**WHAT IS EXPECTED**
Go to the line containing "Answer: Automatically renew" in the listing below. Output that line and each later one exactly.

-- Opening Marker --

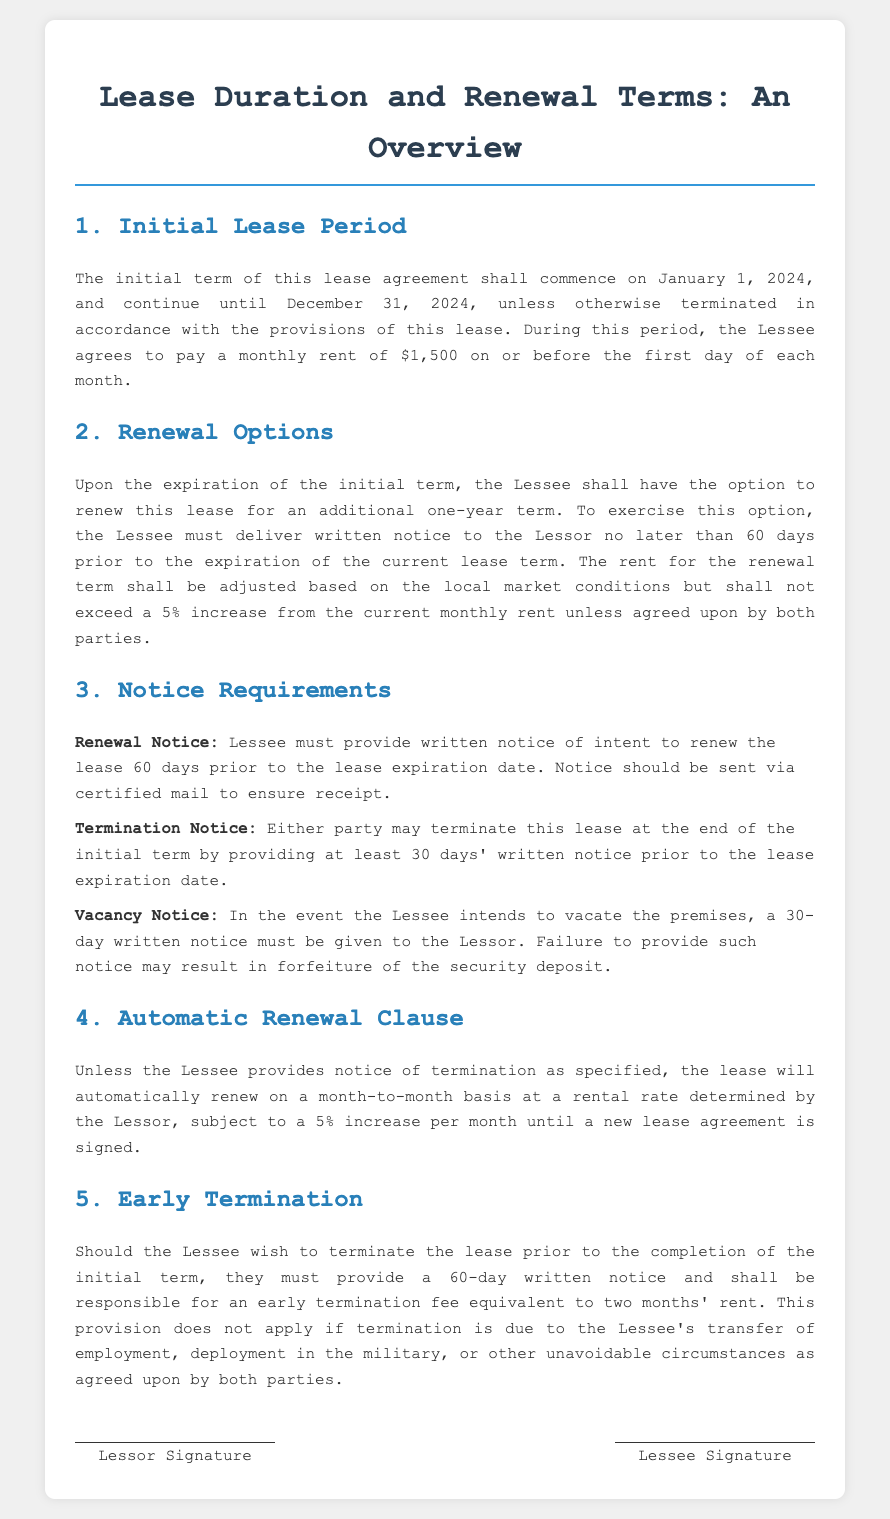What is the initial lease period? The initial lease period is defined as the time from January 1, 2024, to December 31, 2024.
Answer: January 1, 2024, to December 31, 2024 How much is the monthly rent? The document specifies that the monthly rent during the initial lease period is $1,500.
Answer: $1,500 How many days' notice is required to renew the lease? The document states that the Lessee must deliver written notice to the Lessor no later than 60 days prior to the expiration of the current lease term.
Answer: 60 days What is the maximum allowable rent increase for the renewal term? The renewal term rent increase is capped based on local market conditions but shall not exceed a 5% increase from the current monthly rent unless agreed upon.
Answer: 5% What is the early termination notice period? The document indicates that the Lessee must provide a 60-day written notice for early termination.
Answer: 60 days What is the penalty for providing inadequate notice when vacating? The document states that failure to provide a 30-day notice may result in forfeiture of the security deposit.
Answer: Forfeiture of the security deposit What happens if the Lessee does not provide notice of termination? If the Lessee does not provide notice of termination, the lease will automatically renew on a month-to-month basis, subject to conditions.
Answer: Automatically renew What is the early termination fee? The early termination fee is equivalent to two months' rent as specified in the document.
Answer: Two months' rent

-- Closing Marker --

**EXPECTED ANSWER**
Answer: Automatically renew What is the early termination fee? The early termination fee is equivalent to two months' rent as specified in the document.
Answer: Two months' rent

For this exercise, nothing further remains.